In the data that follows, find the line with "Reply with a"; transcribe it, every later line up to the one with "Annotate: the large", and that line as well, exactly and with no others.

> Material provided

-.-.-

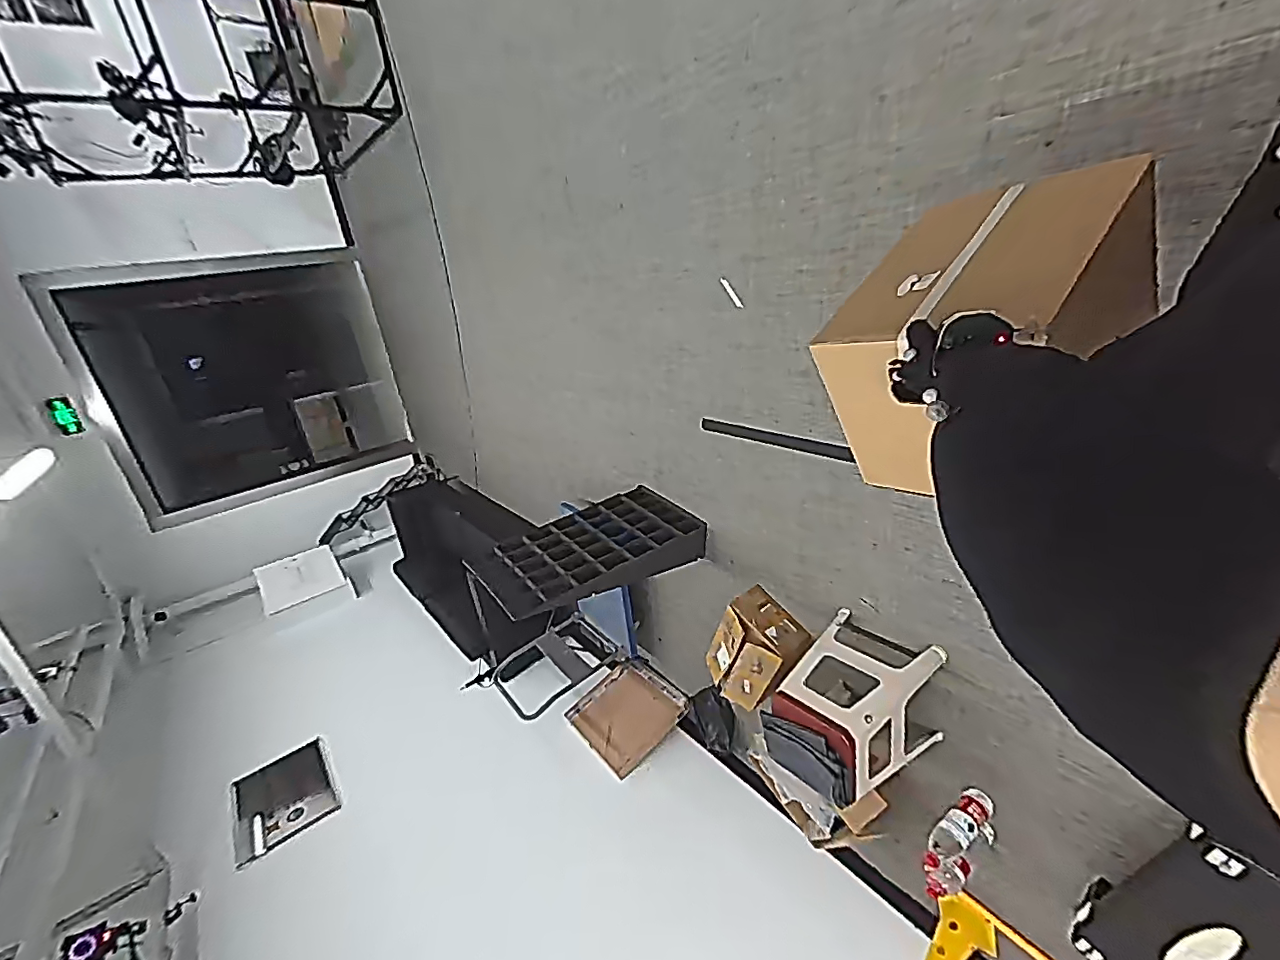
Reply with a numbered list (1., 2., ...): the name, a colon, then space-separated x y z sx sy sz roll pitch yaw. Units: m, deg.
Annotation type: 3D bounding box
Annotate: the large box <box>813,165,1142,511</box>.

-.-.-

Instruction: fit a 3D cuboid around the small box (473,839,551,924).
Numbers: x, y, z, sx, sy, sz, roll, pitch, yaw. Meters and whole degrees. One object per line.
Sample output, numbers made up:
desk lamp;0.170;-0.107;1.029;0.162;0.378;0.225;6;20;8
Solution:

-.-.-

> Final answer
Reply with a numbered list (1., 2., ...): the name, a colon, then space-separated x y z sx sy sz roll pitch yaw. Units: m, deg.
Annotation type: 3D bounding box
Annotate: the large box <box>813,165,1142,511</box>.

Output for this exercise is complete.